• _ENTRIES SUPPLIED_
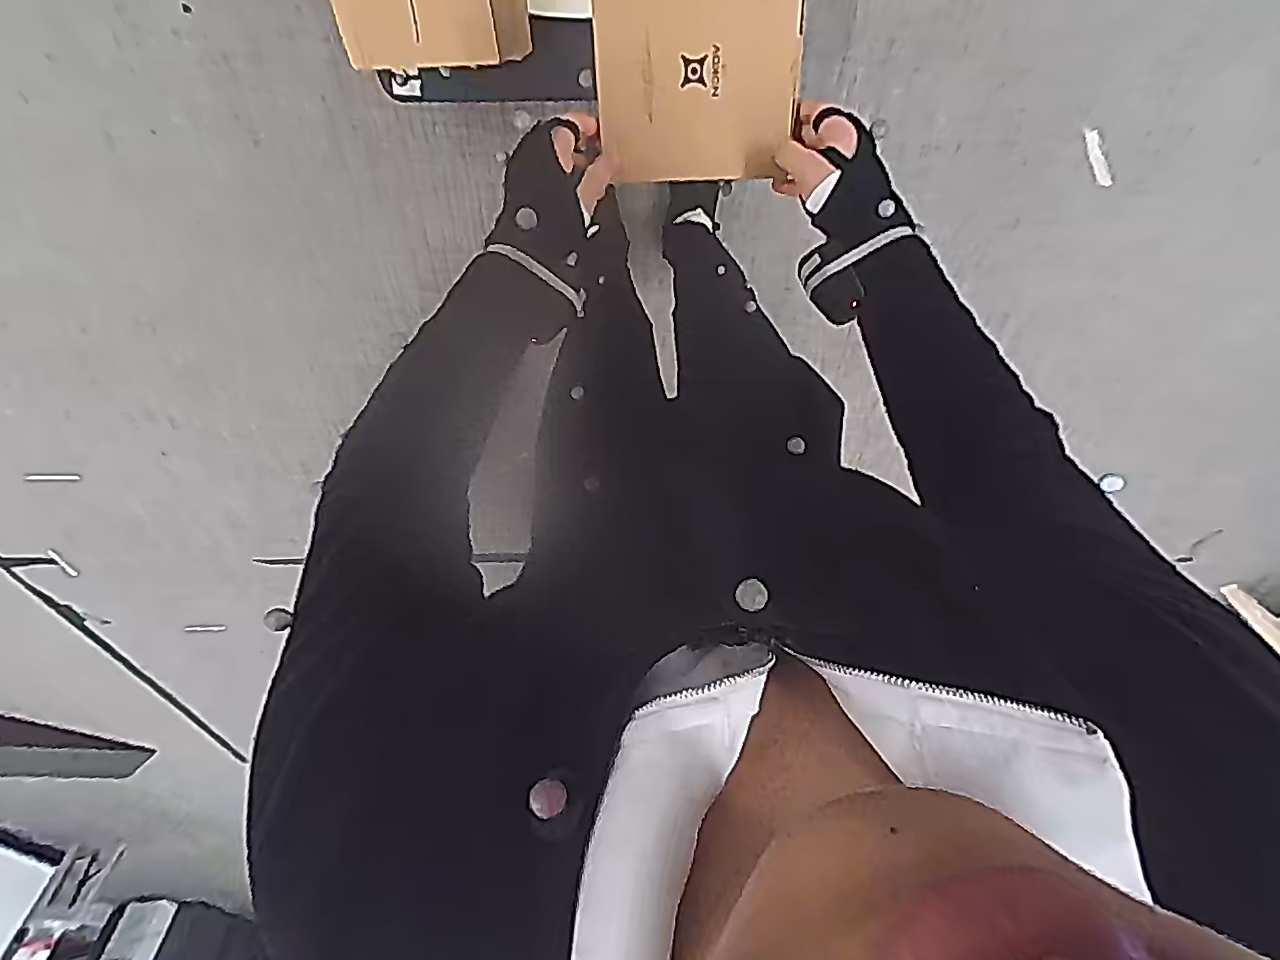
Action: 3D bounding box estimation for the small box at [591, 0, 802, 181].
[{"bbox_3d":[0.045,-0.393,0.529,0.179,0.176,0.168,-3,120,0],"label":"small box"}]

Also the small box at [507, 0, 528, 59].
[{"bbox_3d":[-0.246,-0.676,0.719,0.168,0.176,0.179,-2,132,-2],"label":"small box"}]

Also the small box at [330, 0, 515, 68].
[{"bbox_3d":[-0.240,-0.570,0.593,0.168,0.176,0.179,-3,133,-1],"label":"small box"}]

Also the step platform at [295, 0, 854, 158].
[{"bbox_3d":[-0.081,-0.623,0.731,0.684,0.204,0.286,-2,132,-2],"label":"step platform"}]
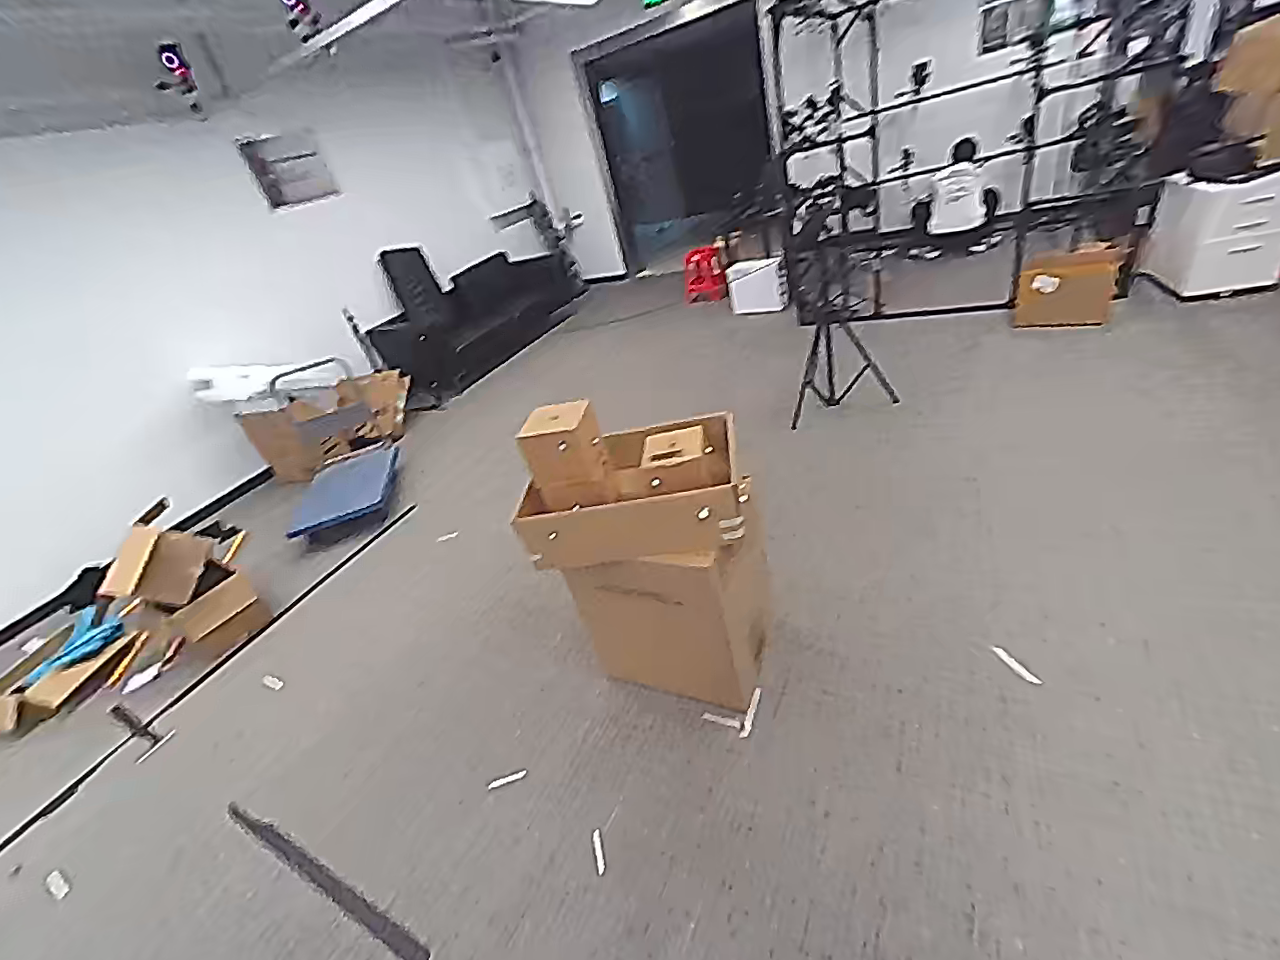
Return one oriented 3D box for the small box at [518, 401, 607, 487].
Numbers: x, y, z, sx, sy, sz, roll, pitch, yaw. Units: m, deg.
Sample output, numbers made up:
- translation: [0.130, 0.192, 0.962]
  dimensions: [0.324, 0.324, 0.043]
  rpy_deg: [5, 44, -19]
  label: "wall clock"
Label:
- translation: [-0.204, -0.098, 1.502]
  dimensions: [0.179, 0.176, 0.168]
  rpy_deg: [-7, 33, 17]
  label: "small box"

...

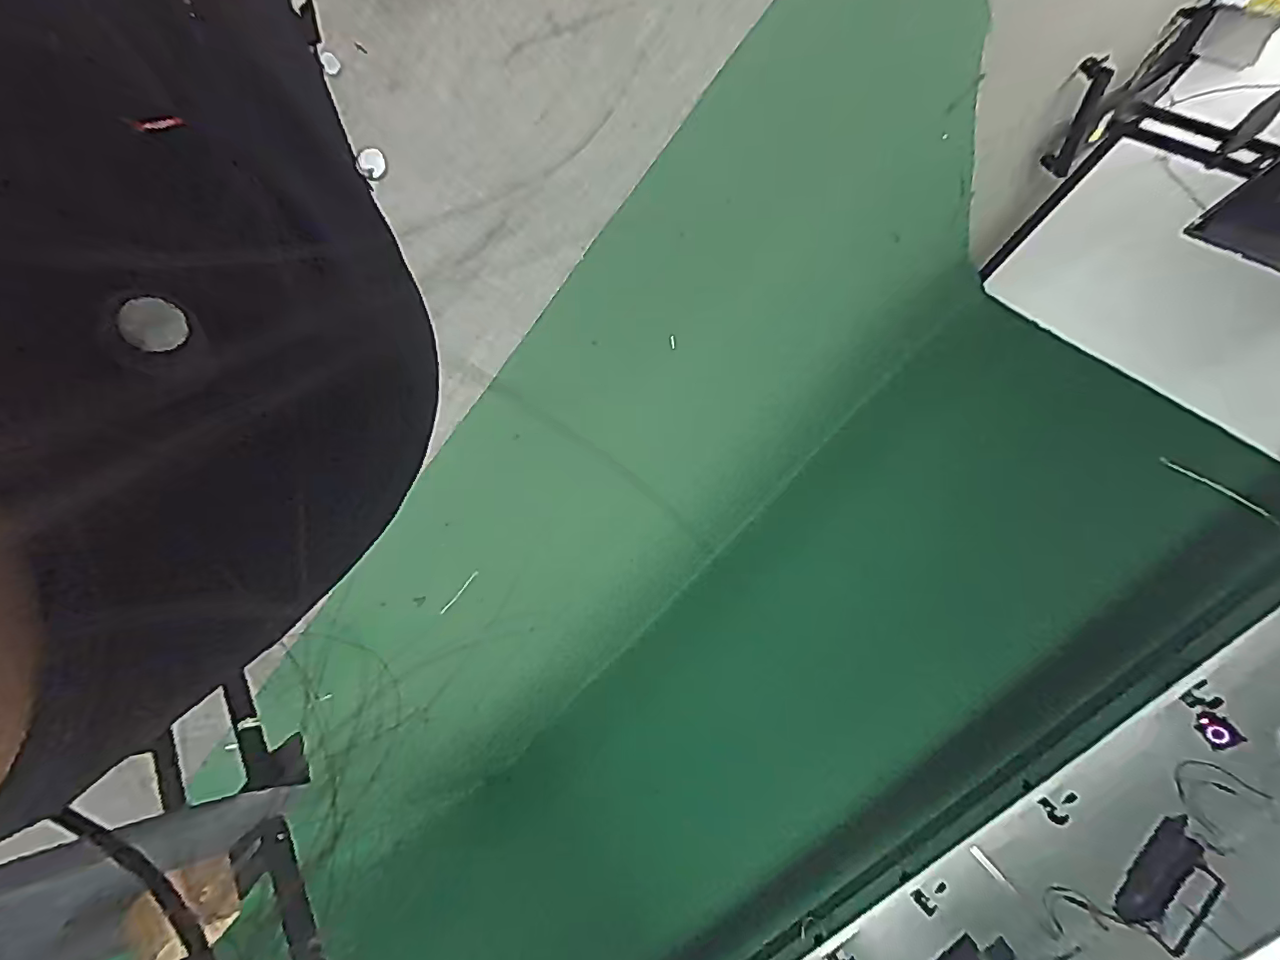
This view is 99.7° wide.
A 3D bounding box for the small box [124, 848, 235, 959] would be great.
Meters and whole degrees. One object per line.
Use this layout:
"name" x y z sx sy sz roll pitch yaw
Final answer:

• _PROBLEM TO WORK ON_
For each line in the entries that contains the string "roll", make a copy.

• _RESULT OF THIS TASK_
Numbers: x, y, z, sx, sy, sz, roll, pitch, yaw. Units: m, deg.
"name" x y z sx sy sz roll pitch yaw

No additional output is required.